--- DATA Enclosed Below ---

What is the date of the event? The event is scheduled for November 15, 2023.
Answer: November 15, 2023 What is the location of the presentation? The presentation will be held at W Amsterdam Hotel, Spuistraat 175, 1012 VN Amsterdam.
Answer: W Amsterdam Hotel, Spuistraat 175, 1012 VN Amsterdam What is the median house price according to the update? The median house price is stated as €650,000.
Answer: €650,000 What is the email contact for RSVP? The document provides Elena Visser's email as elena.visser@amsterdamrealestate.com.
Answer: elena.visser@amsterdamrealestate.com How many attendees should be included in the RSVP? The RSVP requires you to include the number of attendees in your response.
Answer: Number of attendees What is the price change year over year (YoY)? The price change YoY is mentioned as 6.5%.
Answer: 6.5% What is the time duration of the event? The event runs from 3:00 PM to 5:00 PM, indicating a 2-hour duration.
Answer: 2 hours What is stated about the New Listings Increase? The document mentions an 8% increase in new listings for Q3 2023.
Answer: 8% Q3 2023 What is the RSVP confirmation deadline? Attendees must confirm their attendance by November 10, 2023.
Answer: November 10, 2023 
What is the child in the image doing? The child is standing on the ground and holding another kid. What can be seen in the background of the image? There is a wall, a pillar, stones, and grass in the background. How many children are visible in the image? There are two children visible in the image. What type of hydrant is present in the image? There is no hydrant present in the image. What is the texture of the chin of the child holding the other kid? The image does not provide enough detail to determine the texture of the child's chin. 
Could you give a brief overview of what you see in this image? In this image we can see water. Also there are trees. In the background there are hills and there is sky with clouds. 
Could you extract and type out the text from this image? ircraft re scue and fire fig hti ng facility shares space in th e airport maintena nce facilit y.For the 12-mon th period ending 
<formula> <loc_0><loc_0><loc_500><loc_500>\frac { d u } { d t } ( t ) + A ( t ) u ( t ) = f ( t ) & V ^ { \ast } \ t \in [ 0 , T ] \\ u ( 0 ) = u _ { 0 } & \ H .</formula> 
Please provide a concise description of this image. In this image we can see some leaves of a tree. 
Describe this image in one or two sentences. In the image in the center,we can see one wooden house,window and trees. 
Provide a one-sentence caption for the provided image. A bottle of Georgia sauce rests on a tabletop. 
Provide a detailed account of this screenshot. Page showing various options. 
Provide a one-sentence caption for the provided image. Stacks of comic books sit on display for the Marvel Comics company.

--- End of Enclosed DATA ---

## TASK INSTRUCTIONS
As you read the records above, find each line that contains "type" and copy it.

## RESULT FOR THIS TASK
What is the child in the image doing? The child is standing on the ground and holding another kid. What can be seen in the background of the image? There is a wall, a pillar, stones, and grass in the background. How many children are visible in the image? There are two children visible in the image. What type of hydrant is present in the image? There is no hydrant present in the image. What is the texture of the chin of the child holding the other kid? The image does not provide enough detail to determine the texture of the child's chin. 
Could you extract and type out the text from this image? ircraft re scue and fire fig hti ng facility shares space in th e airport maintena nce facilit y.For the 12-mon th period ending 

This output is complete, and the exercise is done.